On June 15, 2014, President Obama told Congress he was ordering “up to approximately 275 U.S. Armed Forces personnel” to Iraq to fight ISIS. They would “remain in Iraq until the security situation becomes such that it is no longer needed,” he added.
Unless you have a loved one in the U.S. military, you probably haven’t been aware of the slow-but-steady increase in American troops on the ground inside Iraq since then. On Monday, Pentagon officials said the total U.S. troop presence in Iraq would grow by more than 200 troops—to a deployed force of 4,087—as Baghdad and Washington prepare to take Mosul back from ISIS.

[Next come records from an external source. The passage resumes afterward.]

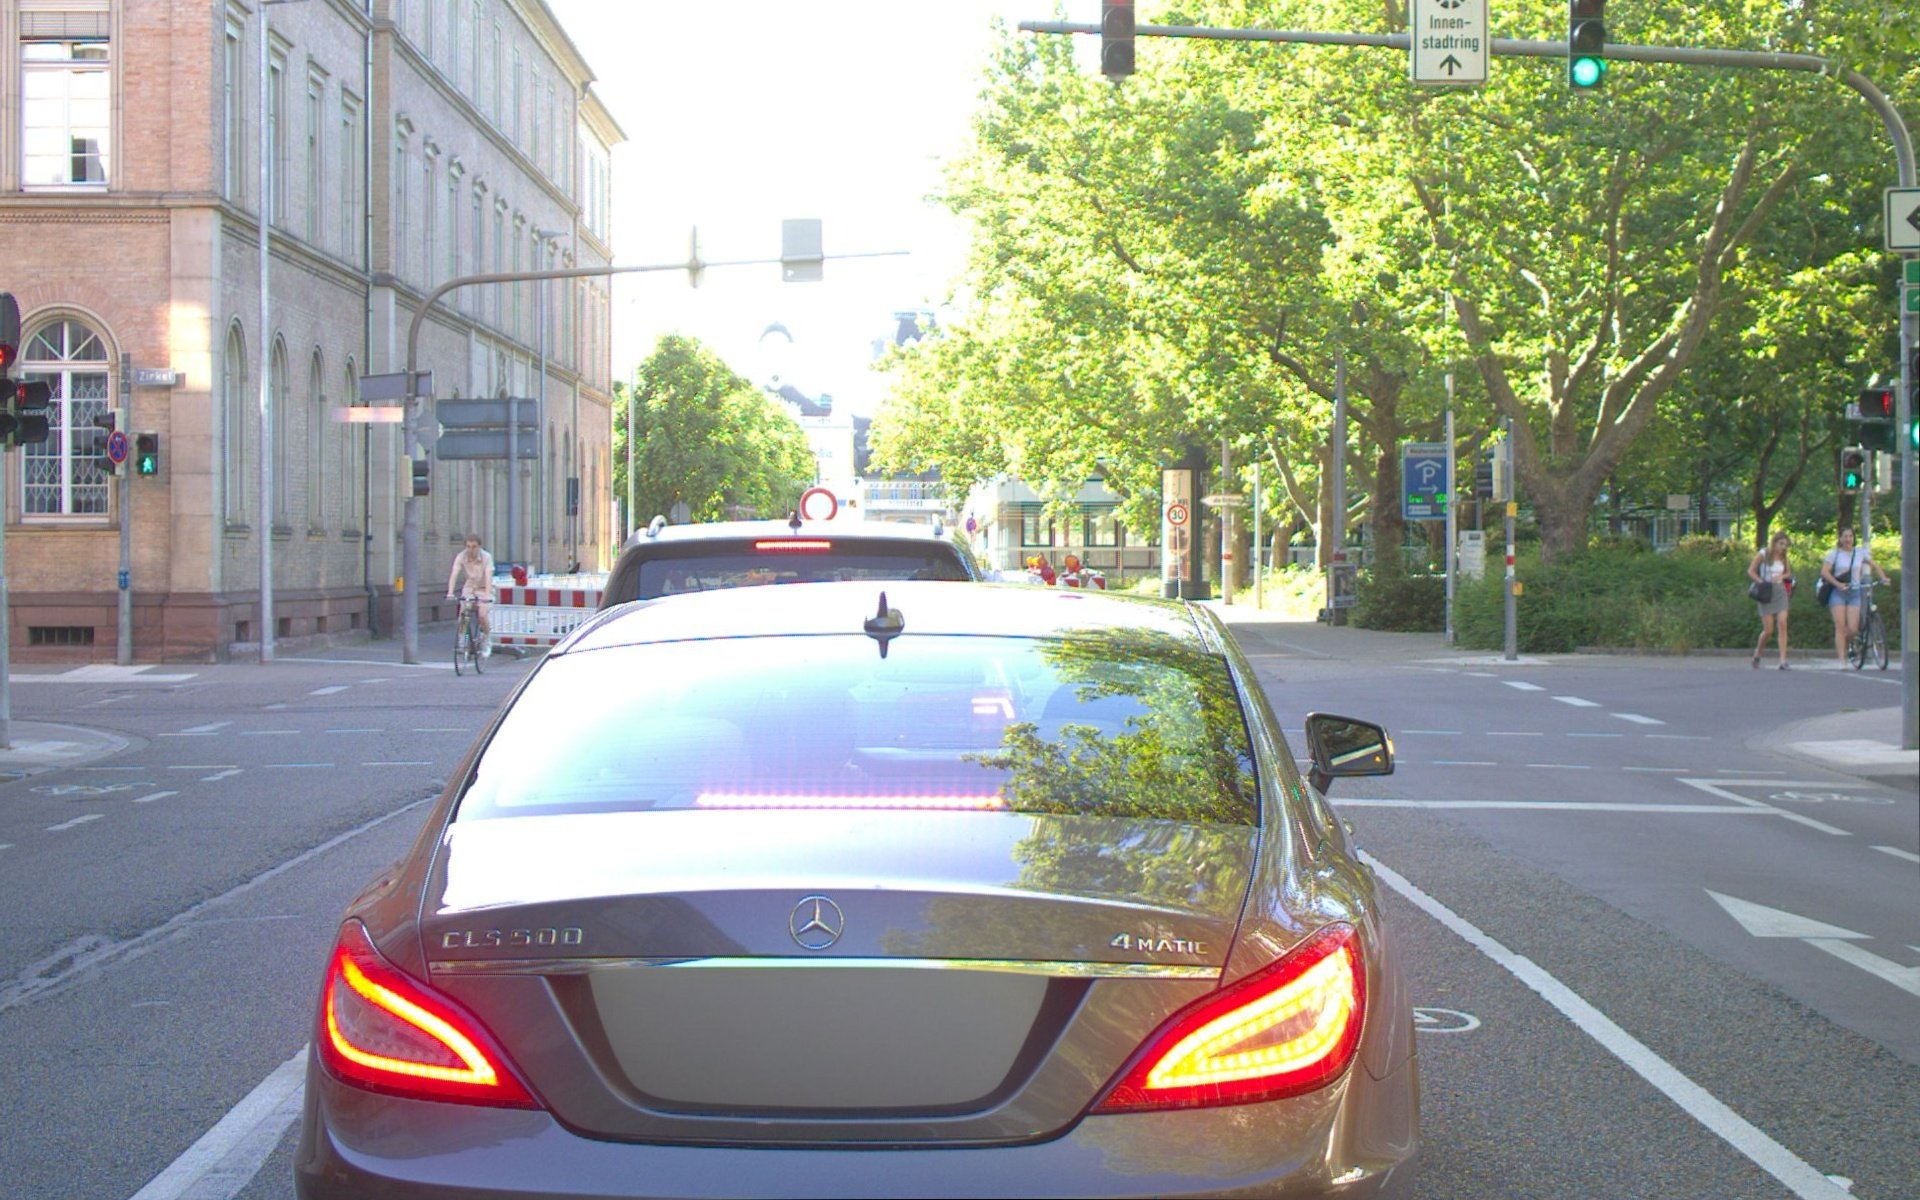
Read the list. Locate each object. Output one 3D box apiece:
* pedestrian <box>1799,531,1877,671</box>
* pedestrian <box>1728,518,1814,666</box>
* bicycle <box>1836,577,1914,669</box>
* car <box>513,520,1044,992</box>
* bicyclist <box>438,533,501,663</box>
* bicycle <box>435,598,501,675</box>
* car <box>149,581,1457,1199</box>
[{"bbox_3d":[10.768,0.005,42.174,0.683,1.691,0.971,1,0,0],"label":"pedestrian"},{"bbox_3d":[9.960,-0.094,42.252,0.732,1.802,0.909,-1,-1,-7],"label":"pedestrian"},{"bbox_3d":[11.149,0.270,41.930,0.524,1.096,1.741,1,1,2],"label":"bicycle"},{"bbox_3d":[-0.585,0.515,13.741,1.809,1.607,4.000,0,1,1],"label":"car"},{"bbox_3d":[-5.948,-0.029,41.744,0.648,1.553,0.807,1,0,-1],"label":"bicyclist"},{"bbox_3d":[-5.958,0.429,41.707,0.548,0.888,1.868,1,1,-1],"label":"bicycle"},{"bbox_3d":[-0.036,0.694,7.082,1.843,1.424,4.516,1,1,5],"label":"car"}]

Troops on temporary assignment in Iraq, those guarding diplomatic outposts—or those rotating in to replace troops who haven’t left yet—aren’t included under that 4,087 ceiling. When they are, Pentagon officials say, the total U.S. troops presence in Iraq is creeping toward 5,000.
While the offensive to retake Iraq’s second-largest city isn’t yet underway in a formal sense, the U.S. is sending more trainers, as well as eight AH-64 helicopter gunships and rocket systems to Iraq to get ready for the showdown. U.S. forces are being assigned to smaller units “closer to the action,” Defense Secretary Ash Carter said Monday in Baghdad.
Iraqi fighters, trained by U.S. troops, are slowly tightening a noose around Mosul and have begun to “shape the battlefield” for the key fight for Iraq, defense officials say, although they doubt Iraqi forces will be ready to storm ISIS’s key Iraq outpost until next year. “My expectation is that by the end of the year, we will have created the conditions whereby Mosul will eventually fall,” Obama told CBS on Monday. Pentagon officials say the U.S. troops being sent to Iraq possess unique skills—in intelligence, aviation and logistics, for example—that the Iraqi forces lack. The Iraqi government has been leery of allowing too many U.S. troops back on its soil.
“It’s directly attributable to developing the plan for Mosul,” Marine General Joseph Dunford, chairman of the Joint Chiefs of Staff, said last month when asked about rumbles of a future U.S. troop boost to help Baghdad’s soldiers as well as the Kurds’ Peshmerga forces in northern Iraq. The U.S. troop increase, he added, would be to give the Iraqis the capabilities that “would best enable the Iraqi security forces and the Peshmerga to be successful in operations in Mosul.”
Even if 5,000 U.S. troops end up inside Iraq, that’s less than 3% of 170,000 U.S. peak in 2007. After an eight-year occupation that killed 4,491 American troops and cost an estimated $2 trillion, Obama has no desire to re-enter that quagmire. He has steadfastly ruled out ground combat for U.S. troops, although their training and defense assignments are bringing them closer to the front lines.
Last month, ISIS rocket fire hit a small base in northern Iraq, killing U.S. Marine Staff Sgt. Louis Cardin. The U.S. military has gone to great lengths to declare that U.S. forces in Iraq are not engaged in combat. “What they’re there to do is simply shoot back if somebody shoots at them,” Baghdad-based Army Col. Steve Warren told reporters recently, when asked if U.S. troops in Iraq are in combat. “They won’t kind of go off and conduct any type of mission on their own.”
The incremental U.S. troop growth is more of a White House strategy to wage war on the cheap—especially in a conflict that Obama hailed when all U.S. troops finally came home at the end of 2011. Sen. John McCain, the Arizona Republican who chairs the armed services committee, called the latest deployment “the kind of grudging incrementalism that rarely wins wars, but could certainly lose one.” It has led to a fingers-crossed kind of fight, with the U.S. seeming to dispatch only sufficient force to handle an immediate need, until it’s no longer adequate—and then sending more. This tendency has generated ire among some U.S. military commanders, but the top brass has gone along with Obama’s desire to keep the U.S. military footprint in Iraq as small as possible.
“Back in Vietnam days, we called this ‘gradual escalation’—a euphemism for trying harder when you don’t know exactly what you’re trying to achieve,” says Andrew Bacevich, a retired Army colonel and author of the just-released America’s War for the Greater Middle East: A Military History. “The approach failed then, but Obama appears determined to revive it.”